Anyway, I must be over-complicating ... help me solve this "problem".* Help me with TEX: in the conditions for piecewise v(t) it should read "2k < t < 2(k+1) AND k_{even}". What am I doing wrong?

 

[berkeman]

Homework Statement

A capacitance of $$60 \mu F$$ has the voltage waveform shown in Fig. 2-36. Find $$P_{max}$$.
[PLAIN]http://img828.imageshack.us/img828/5255/unled2copy.jpg

Homework Equations

$$p(t)=i(t)u(t)=\left(C\frac{du(t)}{dt}\right)u(t)$$

The Attempt at a Solution

When is power at maximum?
Is it the time $$t$$ when the derivative of power $$p'(t)=C\left(\frac{du(t)}{dt}u(t)\right)'$$ is equal to zero?

If yes, well ... how do you differentiate this (piecewise) equation for $$v(t)$$ I came up with looking at Fig. 2-36:
$$v(t)=\begin{cases} \frac{50}{2}t-50k & \text{for 2k < t < 2(k+1) AND k_{even}} \\ -\frac{50}{2}t+50(k+1) & \text{for 2k<t<2(k+1) && k_{odd}} \end{cases}$$

Anyway, I must be over-complicating ... help me solve this "problem".


* Help me with TEX: in the conditions for piecewise v(t) it should read "2k < t < 2(k+1) AND k_{even}". What am I doing wrong?

A quicker way to solve this would be to just graph the i(t) waveform, based on the v(t) waveform.

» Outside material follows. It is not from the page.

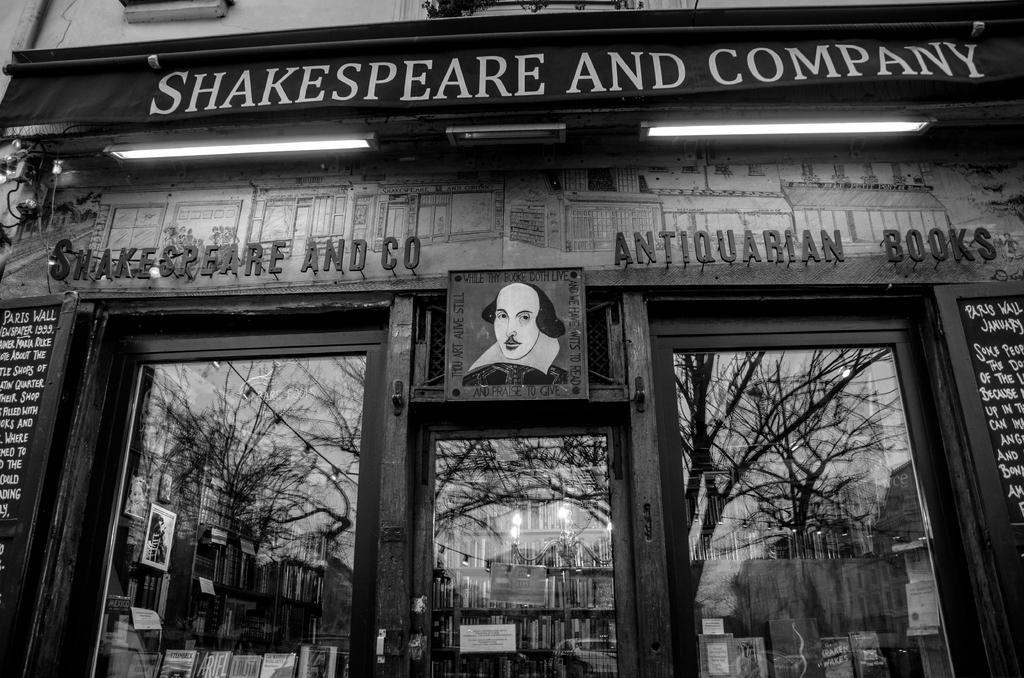What type of door is visible in the image? There is a glass door in the image. To which establishment does the glass door belong? The glass door belongs to a shop. What is located above the glass door? There is a naming board above the glass door. What is written on the naming board? "Shakespeare and company" is written on the naming board. What type of lipstick is the judge wearing in the image? There is no judge or lipstick present in the image; it features a glass door, a shop, and a naming board.

You should be able to write the equation for the power based on the combined graphs...

 

[courteous]

Yes, that is easier. Now I got the correct solution of $$P_{max}=1.5\text{ }A\times 50\text{ }V=75\text{ }W$$ ... but, I've got two more questions:

1) As the derivative $$\frac{du(t)}{dt}$$ at $$t=\{2,4,6,8\}$$ is undefined: are the end-points at those $$t$$ "empty" or "filled" (see picture)?
[PLAIN]http://img863.imageshack.us/img863/4064/dsc00992v.jpg

2) What would be a more general approach when the problem was more complex? I guess you would you help yourself with a computer, and then find the point where the derivative of $$p(t)=0$$ ... but what would you do with a piecewise function?

 

[berkeman]

Good work. On (1), you could just leave them empty, to signify undefined. It's not going to affect the power calculation. And for (2), I'd just use the equations for v(t) and i(t), and sum the power up in a piecewise fashion, leaving out the points that are undefined.

 

[DeeNos]

Your approach to finding the maximum power is correct. To differentiate the piecewise equation for v(t), you can break it up into two separate equations for the even and odd cases, as follows:

v(t) = \begin{cases} \frac{50}{2}t-50k & \text{for } 2k < t < 2(k+1) \text{ and } k \text{ even} \\ -\frac{50}{2}t+50(k+1) & \text{for } 2k<t<2(k+1) \text{ and } k \text{ odd} \end{cases}

For the even case, we can differentiate with respect to t to get:

v'(t) = \frac{50}{2} = 25

And for the odd case:

v'(t) = -\frac{50}{2} = -25

So the derivative of v(t) is a constant value of 25 for both cases. Therefore, to find the maximum power, we just need to find the time t when the derivative of power p'(t) is equal to zero. This occurs when the derivative of voltage v'(t) is equal to zero, which happens at t = 0. This means that the maximum power occurs at t = 0, and we can find it by plugging in t = 0 into the equation for power:

P_{max} = C \frac{du(t)}{dt} u(t) = (60 \mu F)(25 V/s)(1) = 1500 \mu W

To fix the formatting issue, you can use the "&&" command instead of "AND" to separate the two conditions for the piecewise equation, like this:

v(t) = \begin{cases} \frac{50}{2}t-50k & \text{for } 2k < t < 2(k+1) && k \text{ even} \\ -\frac{50}{2}t+50(k+1) & \text{for } 2k<t<2(k+1) && k \text{ odd} \end{cases}

This will make the "AND" appear on the same line as the rest of the equation.